(Given data)
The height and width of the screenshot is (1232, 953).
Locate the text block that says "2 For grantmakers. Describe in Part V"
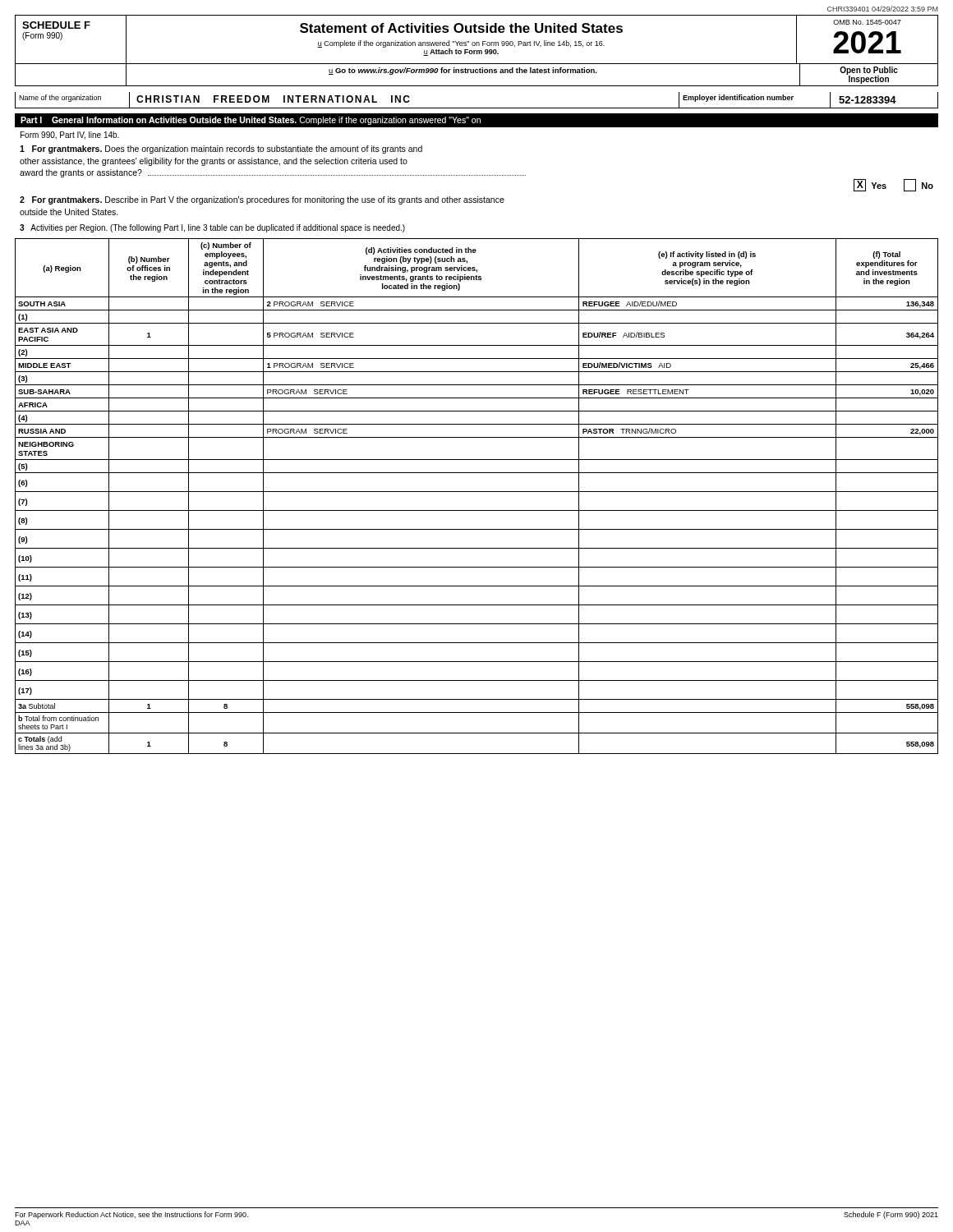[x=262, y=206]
(End Given data)
(Given data)
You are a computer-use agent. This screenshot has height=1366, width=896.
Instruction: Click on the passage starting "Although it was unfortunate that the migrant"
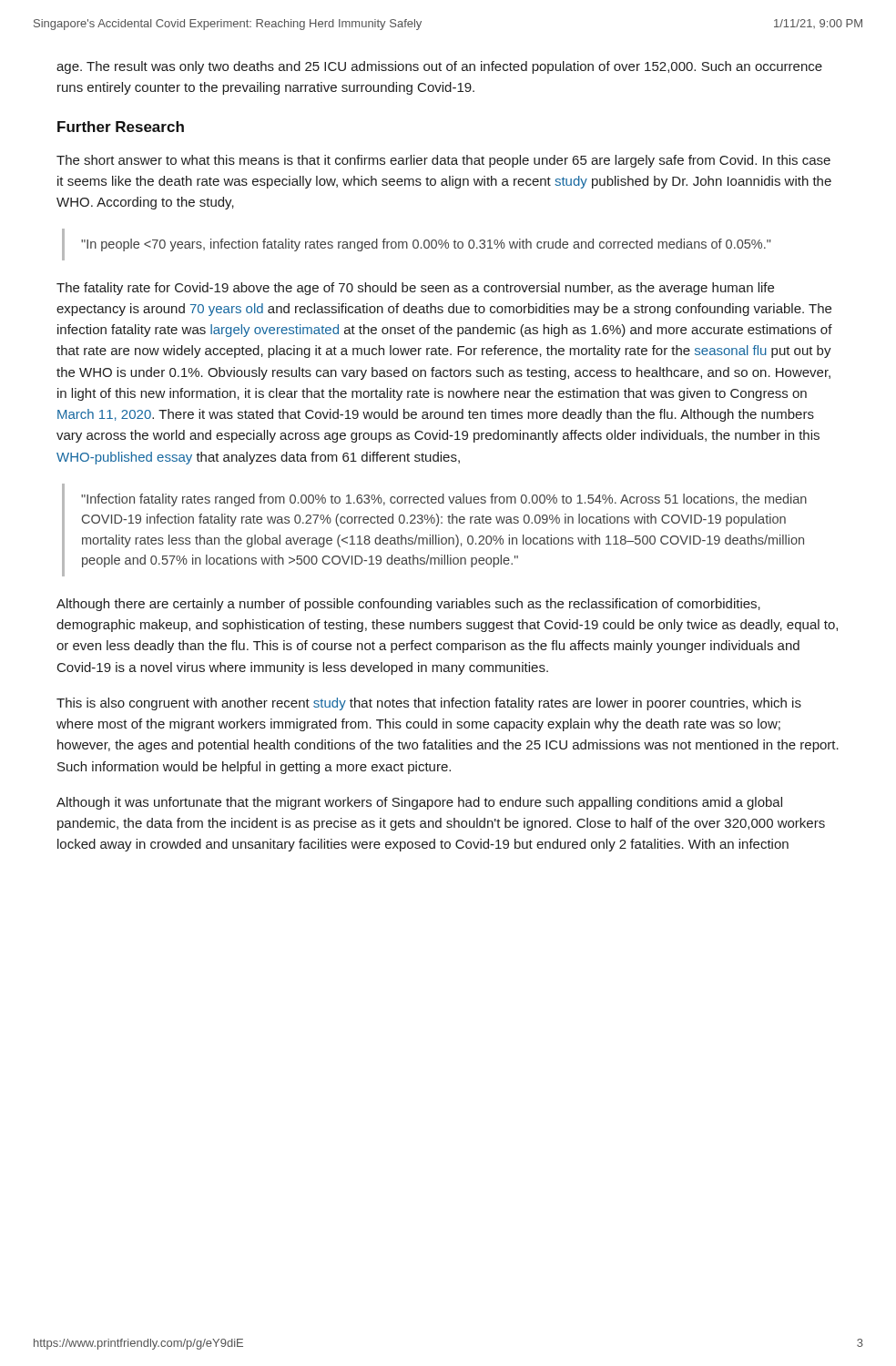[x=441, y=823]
(End Given data)
Work instruction. Only lines with the word "screenshot" belong in the answer; copy each of them from the material above.

Answer section.
The height and width of the screenshot is (1232, 953).
You are a computer-use agent. This screenshot has height=1366, width=896.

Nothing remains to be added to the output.